= Rebeca Anchondo Fernández =

Mexican politician (1926–2012)

Rebeca Anchondo Fernández (29 January 1926 – 9 January 2012) was a Mexican politician who was affiliated with the Institutional Revolutionary Party (PRI). She served two terms as a federal deputy and was distinguished for promoting women's political rights in Mexico during the 1950s.

==Biography==
Anchondo Fernández was born in Hacienda Corralitos, a small town in the municipality of Nuevo Casas Grandes, Chihuahua. She studied commerce in the city of Nuevo Casas Grandes, where she was notable for her activism in favor of granting women the right to vote. As such, she served as secretary of the municipal committee of the PRI from 1951 to 1958, was elected as the first councilor of the municipality of Nuevo Casas Grandes from 1956 to 1959, served as secretary of the municipality from 1962 to 1971 and as deputy mayor from 1971 to 1974.
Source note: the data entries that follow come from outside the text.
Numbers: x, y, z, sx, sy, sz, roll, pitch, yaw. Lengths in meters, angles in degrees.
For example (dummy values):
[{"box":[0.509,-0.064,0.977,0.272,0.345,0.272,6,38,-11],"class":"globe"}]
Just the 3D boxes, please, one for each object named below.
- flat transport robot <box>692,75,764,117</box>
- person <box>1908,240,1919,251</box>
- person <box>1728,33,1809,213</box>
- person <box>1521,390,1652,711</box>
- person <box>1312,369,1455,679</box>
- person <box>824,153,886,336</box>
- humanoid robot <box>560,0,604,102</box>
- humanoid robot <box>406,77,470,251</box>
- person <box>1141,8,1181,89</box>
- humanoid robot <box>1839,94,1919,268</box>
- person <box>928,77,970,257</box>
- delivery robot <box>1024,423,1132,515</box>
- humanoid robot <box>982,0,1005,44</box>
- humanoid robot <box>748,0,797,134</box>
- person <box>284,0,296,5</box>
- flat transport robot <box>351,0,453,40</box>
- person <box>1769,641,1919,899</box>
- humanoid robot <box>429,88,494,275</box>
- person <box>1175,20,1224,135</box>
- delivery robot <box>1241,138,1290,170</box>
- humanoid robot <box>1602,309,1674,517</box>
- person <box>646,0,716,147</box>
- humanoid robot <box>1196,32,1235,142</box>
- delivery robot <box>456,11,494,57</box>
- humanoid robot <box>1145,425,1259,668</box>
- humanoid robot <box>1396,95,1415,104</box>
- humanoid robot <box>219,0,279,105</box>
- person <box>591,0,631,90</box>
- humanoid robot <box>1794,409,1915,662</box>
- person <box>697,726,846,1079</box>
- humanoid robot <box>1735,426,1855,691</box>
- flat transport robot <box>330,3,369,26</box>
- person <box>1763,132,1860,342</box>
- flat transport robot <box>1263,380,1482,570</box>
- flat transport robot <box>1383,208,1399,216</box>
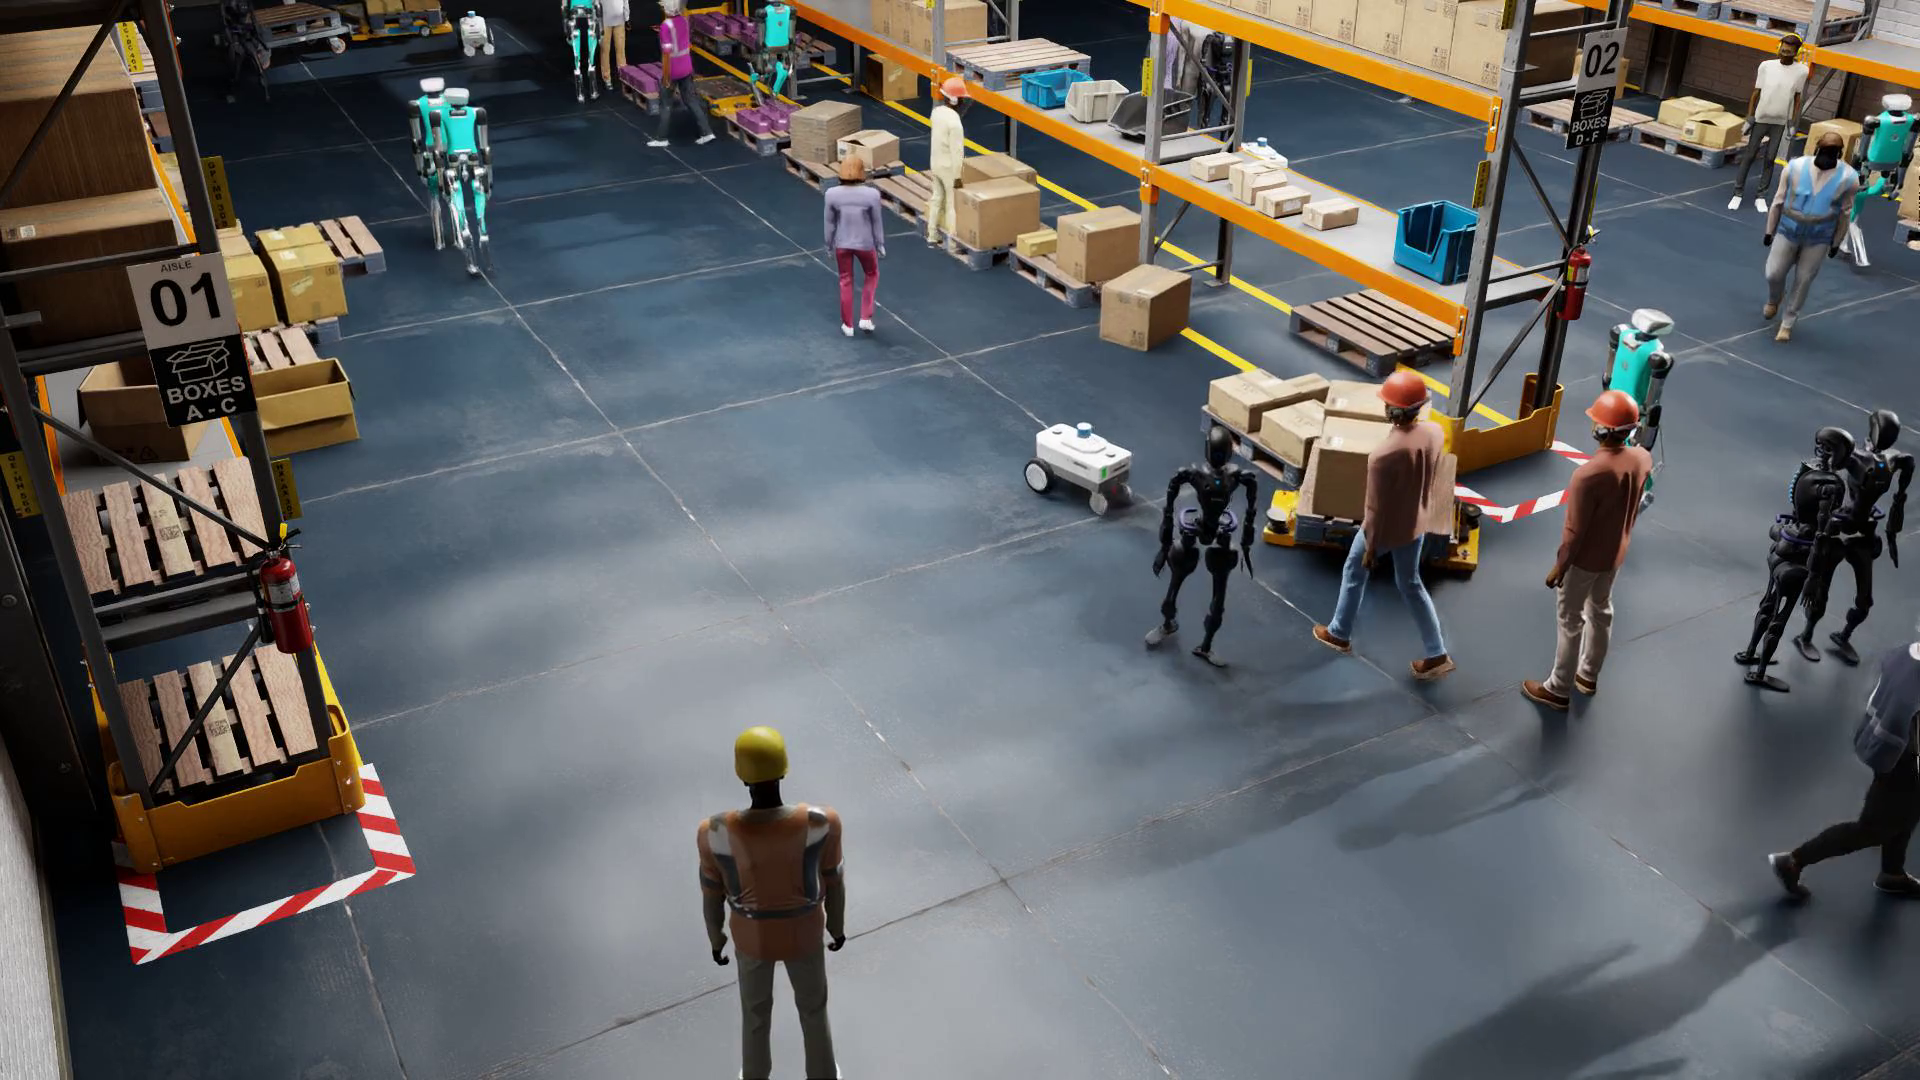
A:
[{"box":[-3.058,-5.708,21.347,0.659,0.231,1.431,-15,33,-24],"class":"flat transport robot"},{"box":[9.778,-3.688,16.342,0.605,1.751,0.418,-10,31,-18],"class":"person"},{"box":[8.483,-4.362,17.405,0.516,1.865,0.327,10,31,16],"class":"person"},{"box":[3.614,0.066,9.566,0.611,1.993,0.393,-18,34,-28],"class":"person"},{"box":[2.626,-0.075,9.855,0.626,1.971,0.930,-18,34,-28],"class":"person"},{"box":[-0.916,-2.556,14.493,0.542,1.623,0.312,5,30,8],"class":"person"},{"box":[-4.779,-6.384,21.007,0.543,1.758,0.678,-2,30,-4],"class":"humanoid robot"},{"box":[-5.111,-3.708,16.393,0.530,1.794,0.683,-12,32,-19],"class":"humanoid robot"},{"box":[2.500,-6.143,20.487,0.463,1.889,0.662,18,35,29],"class":"person"},{"box":[8.700,-3.464,15.954,0.564,1.718,1.018,1,30,1],"class":"humanoid robot"},{"box":[-0.093,-3.670,16.323,0.380,1.740,0.573,-12,32,-20],"class":"person"},{"box":[0.879,-0.561,12.113,0.499,0.609,0.812,-26,39,-38],"class":"delivery robot"},{"box":[0.484,-7.801,23.576,0.357,1.639,0.606,9,31,14],"class":"humanoid robot"},{"box":[-2.259,-5.686,19.824,0.550,1.731,1.003,-19,35,-29],"class":"humanoid robot"},{"box":[-10.118,-8.526,24.673,0.430,1.843,0.624,-9,31,-14],"class":"person"},{"box":[-8.318,-7.633,24.697,1.431,0.231,0.659,-12,32,-19],"class":"flat transport robot"},{"box":[4.534,1.067,8.087,0.803,1.727,0.744,7,31,11],"class":"person"},{"box":[-4.614,-3.276,15.658,0.577,1.794,0.776,-10,31,-17],"class":"humanoid robot"},{"box":[2.772,-5.426,19.225,0.567,1.896,0.376,-1,30,-2],"class":"person"},{"box":[3.305,-4.087,18.256,0.499,0.613,0.807,-10,31,-17],"class":"delivery robot"},{"box":[4.682,-0.766,11.314,0.923,1.770,0.590,-10,31,-17],"class":"humanoid robot"},{"box":[-3.281,-5.496,19.440,0.783,1.828,0.584,14,33,22],"class":"person"},{"box":[3.016,-5.277,19.167,0.599,1.657,0.315,-6,30,-11],"class":"humanoid robot"},{"box":[-6.919,-7.224,23.717,0.523,0.613,0.784,-8,31,-14],"class":"delivery robot"},{"box":[1.466,0.010,9.989,0.609,1.645,0.489,0,30,1],"class":"humanoid robot"},{"box":[6.010,-6.344,21.029,0.895,1.817,0.558,7,31,13],"class":"humanoid robot"},{"box":[-9.141,-6.345,21.091,0.769,1.636,0.593,12,32,20],"class":"humanoid robot"},{"box":[-4.570,-6.824,21.793,0.566,1.755,0.320,-21,36,-33],"class":"person"},{"box":[5.367,-0.026,10.030,0.613,1.649,0.319,-1,30,-1],"class":"humanoid robot"},{"box":[-0.772,1.610,6.969,0.594,1.912,0.436,-2,30,-4],"class":"person"},{"box":[4.960,0.080,9.846,0.315,1.653,0.599,7,31,12],"class":"humanoid robot"},{"box":[-8.965,-7.917,25.192,0.659,0.231,1.431,-23,37,-34],"class":"flat transport robot"},{"box":[7.342,-2.648,14.449,0.643,1.832,0.491,16,33,26],"class":"person"},{"box":[2.879,-0.112,11.604,1.431,0.231,0.659,8,31,14],"class":"flat transport robot"},{"box":[4.277,-3.005,16.641,0.659,0.231,1.431,-9,31,-16],"class":"flat transport robot"}]

In 1974, she was elected to the Congress of Chihuahua, where she served until 1977. During this period, she was the first female president of the State Congress. In 1979, she was elected for the first time to the Chamber of Deputies for Chihuahua's 9th district to the 51st Congress, which concluded in 1982. She was elected for the second time as a federal deputy for the same electoral district to the 54th Congress from 1988 to 1991.

She died on 9 January 2012 in the city of Chihuahua.